_ABOUT THIS EXERCISE_. Count how many lines in this material contain "containsKey". The answer is that number alone.

_SOURCE MATERIAL_.
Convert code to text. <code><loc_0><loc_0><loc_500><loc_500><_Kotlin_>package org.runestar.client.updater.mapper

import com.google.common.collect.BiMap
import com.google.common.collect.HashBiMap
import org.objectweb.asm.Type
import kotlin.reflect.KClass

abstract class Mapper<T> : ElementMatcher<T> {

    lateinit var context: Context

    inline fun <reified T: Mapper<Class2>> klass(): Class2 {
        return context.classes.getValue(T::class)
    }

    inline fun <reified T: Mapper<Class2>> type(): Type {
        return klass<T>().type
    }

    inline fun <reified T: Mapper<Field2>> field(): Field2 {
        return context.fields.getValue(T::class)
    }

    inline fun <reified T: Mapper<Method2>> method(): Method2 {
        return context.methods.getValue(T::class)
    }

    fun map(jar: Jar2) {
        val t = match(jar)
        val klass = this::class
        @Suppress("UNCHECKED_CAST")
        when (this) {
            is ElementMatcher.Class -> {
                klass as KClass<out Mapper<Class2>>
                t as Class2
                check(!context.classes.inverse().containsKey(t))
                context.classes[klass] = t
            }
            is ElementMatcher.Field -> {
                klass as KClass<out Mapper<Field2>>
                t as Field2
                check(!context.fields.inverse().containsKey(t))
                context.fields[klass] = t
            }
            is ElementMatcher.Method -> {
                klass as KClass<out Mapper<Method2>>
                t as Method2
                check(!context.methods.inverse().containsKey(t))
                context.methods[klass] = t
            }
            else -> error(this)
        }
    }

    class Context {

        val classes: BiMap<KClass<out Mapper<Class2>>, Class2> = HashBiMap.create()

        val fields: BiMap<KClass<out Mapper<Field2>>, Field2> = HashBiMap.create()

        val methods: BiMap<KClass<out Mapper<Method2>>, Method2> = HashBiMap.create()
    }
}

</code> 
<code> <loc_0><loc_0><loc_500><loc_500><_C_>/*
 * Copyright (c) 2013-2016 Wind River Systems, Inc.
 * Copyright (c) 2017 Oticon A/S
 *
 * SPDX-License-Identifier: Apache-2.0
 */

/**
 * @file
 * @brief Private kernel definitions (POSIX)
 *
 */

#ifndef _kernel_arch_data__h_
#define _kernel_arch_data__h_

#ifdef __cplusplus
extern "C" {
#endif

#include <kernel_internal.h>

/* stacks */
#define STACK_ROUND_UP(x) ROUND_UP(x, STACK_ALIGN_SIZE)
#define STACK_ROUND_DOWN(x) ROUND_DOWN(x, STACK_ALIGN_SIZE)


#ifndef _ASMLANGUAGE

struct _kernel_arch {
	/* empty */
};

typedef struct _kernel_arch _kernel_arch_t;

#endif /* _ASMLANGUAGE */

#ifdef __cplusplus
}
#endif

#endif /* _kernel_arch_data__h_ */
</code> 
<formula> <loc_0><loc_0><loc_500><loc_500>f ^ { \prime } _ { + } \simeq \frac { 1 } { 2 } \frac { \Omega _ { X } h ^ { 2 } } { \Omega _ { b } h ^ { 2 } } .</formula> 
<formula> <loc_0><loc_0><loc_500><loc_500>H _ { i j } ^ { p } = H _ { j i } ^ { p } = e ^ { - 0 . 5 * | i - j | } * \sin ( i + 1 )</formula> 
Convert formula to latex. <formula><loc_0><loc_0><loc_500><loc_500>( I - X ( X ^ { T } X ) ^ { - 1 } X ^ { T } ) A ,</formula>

_ANSWER TO THIS PROBLEM_. 3